Please run your jobs inside these limits. If you need more resources, you will use public queues (short, mid, long, longer).

AI Partition User Limits: 

GPU Limit (max 8 GPU/user and max 8 jobs/user) : Please use max 8 GPU while working in AI partition. Max job number is limited to 8 jobs with one GPU each.

CPU Limit (max 5cores/GPU, total max 40cores/user): Please use max 5cores per GPU. Max core limit is 40cores per user.

Memory Limit (max 200GB/user): Max memory limit is set to 200GB. If you need more than this limit, contact to hpc-support@ku.edu.tr.

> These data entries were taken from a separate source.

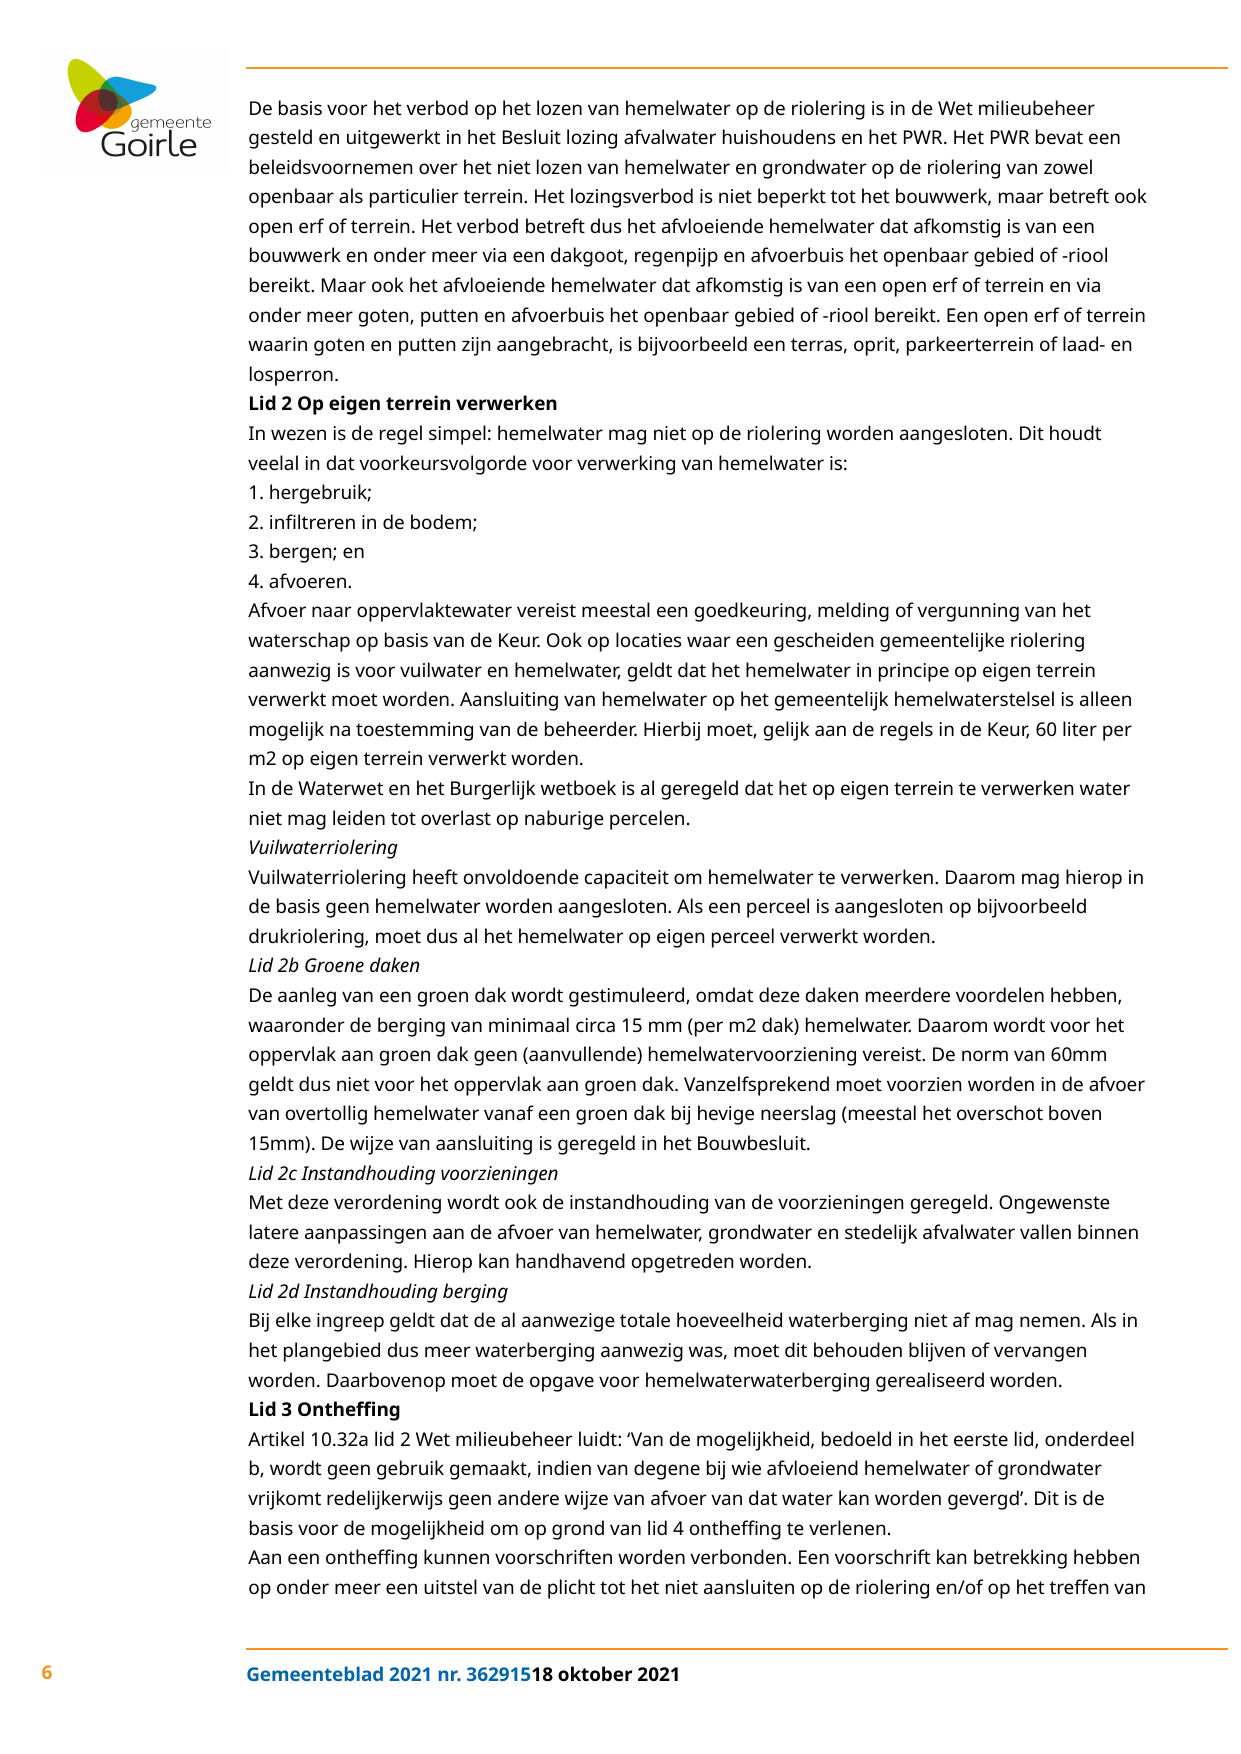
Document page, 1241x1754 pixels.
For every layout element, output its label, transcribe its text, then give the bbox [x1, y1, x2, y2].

text Bij elke ingreep geldt dat de al aanwezige totale hoeveelheid waterberging niet af mag nemen. Als in het plangebied dus meer waterberging aanwezig was, moet dit behouden blijven of vervangen worden. Daarbovenop moet de opgave voor hemelwaterwaterberging gerealiseerd worden. [248, 1308, 1152, 1393]
text In de Waterwet en het Burgerlijk wetboek is al geregeld dat het op eigen terrein te verwerken water niet mag leiden tot overlast op naburige percelen. [248, 775, 1152, 831]
text Lid 2 Op eigen terrein verwerken [248, 391, 1152, 416]
text 1. hergebruik; [248, 479, 1152, 505]
text 4. afvoeren. [248, 568, 1152, 594]
text Lid 2d Instandhouding berging [248, 1278, 1152, 1304]
text Vuilwaterriolering heeft onvoldoende capaciteit om hemelwater te verwerken. Daarom mag hierop in de basis geen hemelwater worden aangesloten. Als een perceel is aangesloten op bijvoorbeeld drukriolering, moet dus al het hemelwater op eigen perceel verwerkt worden. [248, 864, 1152, 949]
text Artikel 10.32a lid 2 Wet milieubeheer luidt: ‘Van de mogelijkheid, bedoeld in het eerste lid, onderdeel b, wordt geen gebruik gemaakt, indien van degene bij wie afvloeiend hemelwater of grondwater vrijkomt redelijkerwijs geen andere wijze van afvoer van dat water kan worden gevergd’. Dit is de basis voor de mogelijkheid om op grond van lid 4 ontheffing te verlenen. [248, 1426, 1152, 1541]
text Vuilwaterriolering [248, 834, 1152, 860]
text Lid 3 Ontheffing [248, 1396, 1152, 1422]
text 3. bergen; en [248, 538, 1152, 564]
text Aan een ontheffing kunnen voorschriften worden verbonden. Een voorschrift kan betrekking hebben op onder meer een uitstel van de plicht tot het niet aansluiten op de riolering en/of op het treffen van [248, 1544, 1152, 1600]
text Lid 2b Groene daken [248, 953, 1152, 978]
text 2. infiltreren in de bodem; [248, 509, 1152, 535]
text In wezen is de regel simpel: hemelwater mag niet op de riolering worden aangesloten. Dit houdt veelal in dat voorkeursvolgorde voor verwerking van hemelwater is: [248, 420, 1152, 476]
text De aanleg van een groen dak wordt gestimuleerd, omdat deze daken meerdere voordelen hebben, waaronder de berging van minimaal circa 15 mm (per m2 dak) hemelwater. Daarom wordt voor het oppervlak aan groen dak geen (aanvullende) hemelwatervoorziening vereist. De norm van 60mm geldt dus niet voor het oppervlak aan groen dak. Vanzelfsprekend moet voorzien worden in de afvoer van overtollig hemelwater vanaf een groen dak bij hevige neerslag (meestal het overschot boven 15mm). De wijze van aansluiting is geregeld in het Bouwbesluit. [248, 982, 1152, 1156]
text Afvoer naar oppervlaktewater vereist meestal een goedkeuring, melding of vergunning van het waterschap op basis van de Keur. Ook op locaties waar een gescheiden gemeentelijke riolering aanwezig is voor vuilwater en hemelwater, geldt dat het hemelwater in principe op eigen terrein verwerkt moet worden. Aansluiting van hemelwater op het gemeentelijk hemelwaterstelsel is alleen mogelijk na toestemming van de beheerder. Hierbij moet, gelijk aan de regels in de Keur, 60 liter per m2 op eigen terrein verwerkt worden. [248, 598, 1152, 771]
text Met deze verordening wordt ook de instandhouding van de voorzieningen geregeld. Ongewenste latere aanpassingen aan de afvoer van hemelwater, grondwater en stedelijk afvalwater vallen binnen deze verordening. Hierop kan handhavend opgetreden worden. [248, 1189, 1152, 1274]
text De basis voor het verbod op het lozen van hemelwater op de riolering is in de Wet milieubeheer gesteld en uitgewerkt in het Besluit lozing afvalwater huishoudens en het PWR. Het PWR bevat een beleidsvoornemen over het niet lozen van hemelwater en grondwater op de riolering van zowel openbaar als particulier terrein. Het lozingsverbod is niet beperkt tot het bouwwerk, maar betreft ook open erf of terrein. Het verbod betreft dus het afvloeiende hemelwater dat afkomstig is van een bouwwerk en onder meer via een dakgoot, regenpijp en afvoerbuis het openbaar gebied of -riool bereikt. Maar ook het afvloeiende hemelwater dat afkomstig is van een open erf of terrein en via onder meer goten, putten en afvoerbuis het openbaar gebied of -riool bereikt. Een open erf of terrein waarin goten en putten zijn aangebracht, is bijvoorbeeld een terras, oprit, parkeerterrein of laad- en losperron. [248, 95, 1152, 387]
picture [41, 47, 231, 172]
text Lid 2c Instandhouding voorzieningen [248, 1160, 1152, 1186]

Time Limit ( max 7days): Max time limit is 7 days.

 

 Important Notes:

*You can run your current script in public queues by just changing following parameters.

 

Jobscript for AI Partition Jobscript for public queues
#SBATCH –qos=ai

#SBATCH –account=ai

#SBATCH –partition=ai

#SBATCH –time=1-0

#SBATCH –qos=users

#SBATCH –qos=users

#SBATCH –partition=mid

#SBATCH –time=1-0

 

Please check sample job scripts(/kuacc/jobscripts) and kuacc documents.

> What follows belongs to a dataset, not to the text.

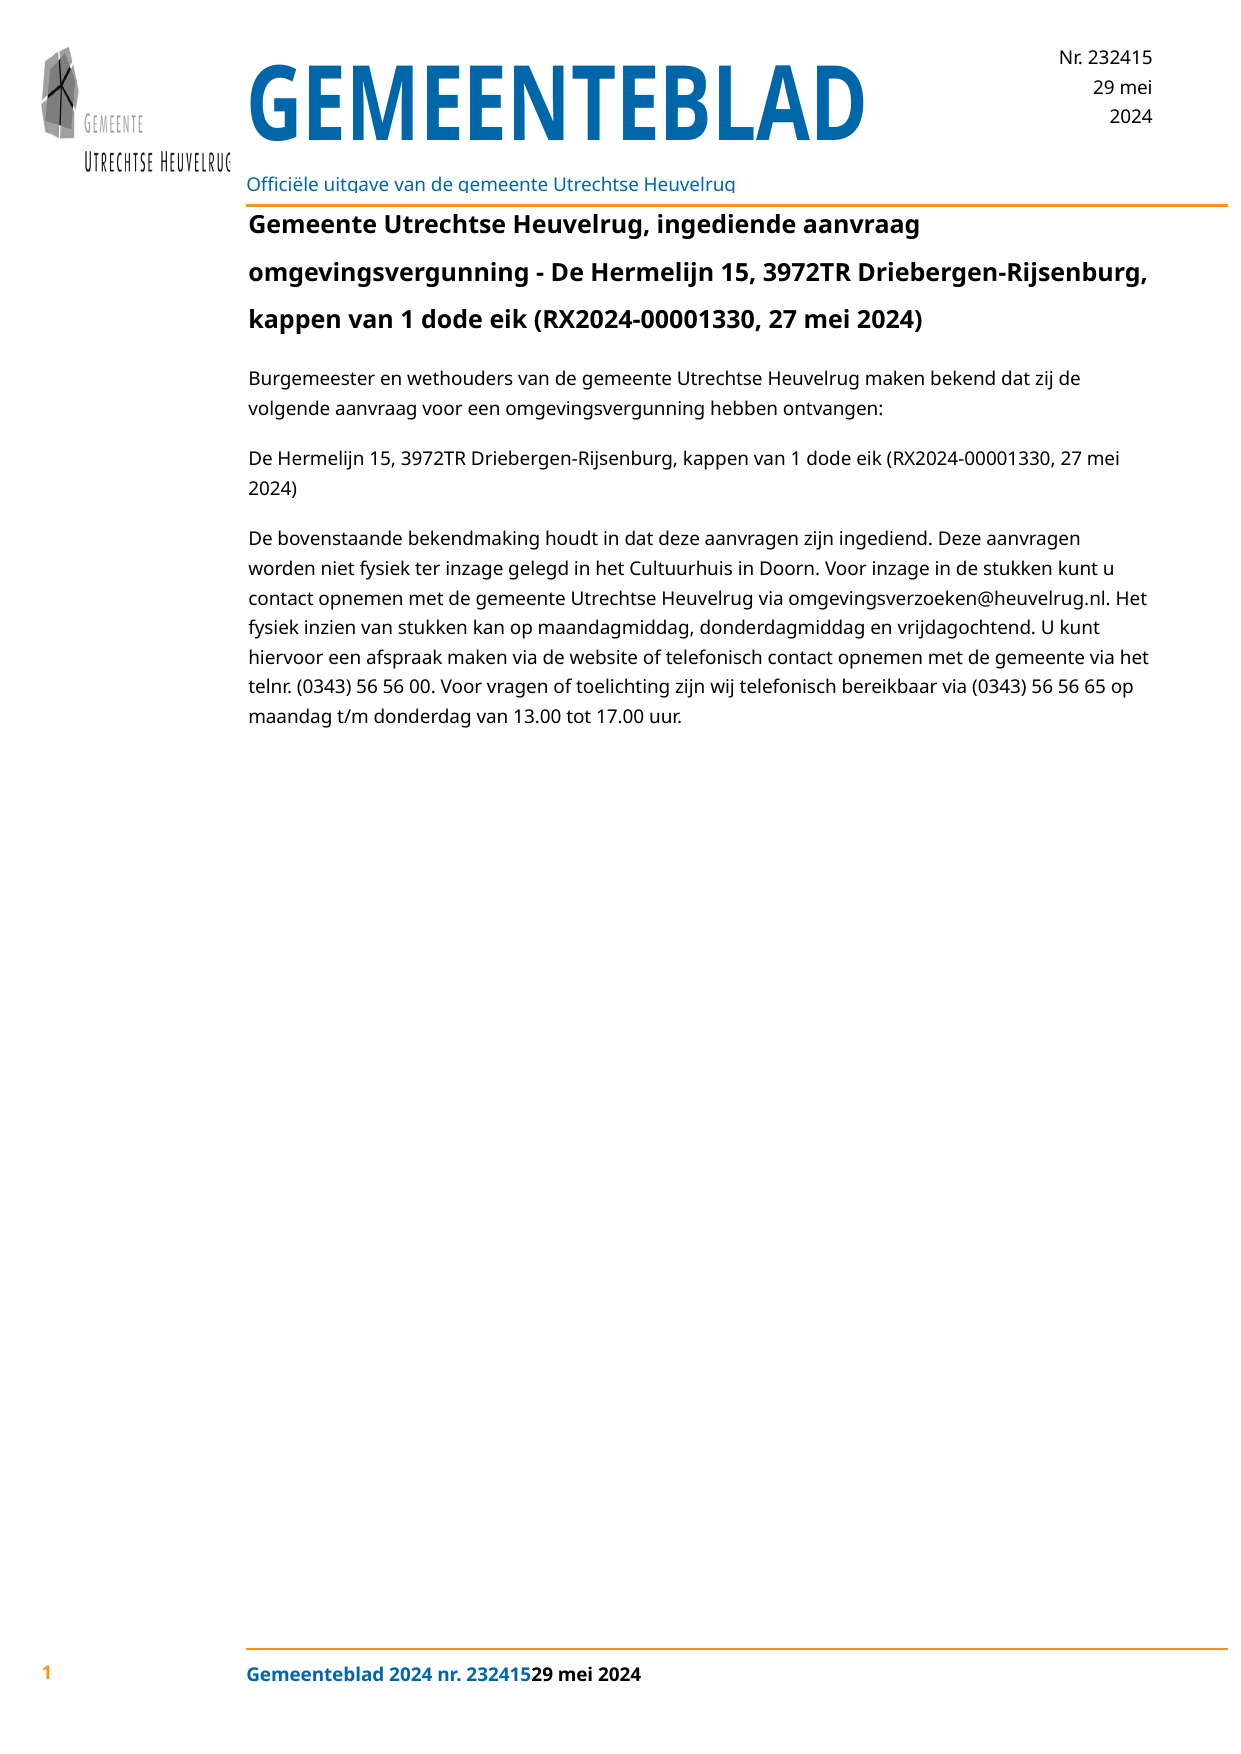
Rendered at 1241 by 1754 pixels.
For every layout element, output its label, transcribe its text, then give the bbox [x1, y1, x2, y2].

*Please define gpu type and partition in your jobscripts while working at public queues. Please check usage of constraint and gresparameters in KUACC documents.

For T4,

  #SBATCH --gres=gpu:tesla_t4:1

or

  #SBATCH --constraint=tesla_t4

 

For tesla_v100, (use both)

 

#SBATCH --gres=gpu:tesla_v100:1
#SBATCH --constraint=ai

*Default memory in cluster was decreased to 4096MB. Please use mem or mem-per-cpu parameters if you need more memory instead of increasing core number.

#SBATCH --mem=100G

*In public queues, your job will be requeued due to interruption privilege. While running jobs in public queues, please make sure your code saves it state regularly and starts from last saved state if it is restarted.

*There are 80 Tesla T4, 12 Tesla K80 and 32 Tesla V100 gpus. If your code can run on Tesla T4 or Tesla K80 gpus, please prefer these gpus and don’t run your code on Tesla V100 gpus.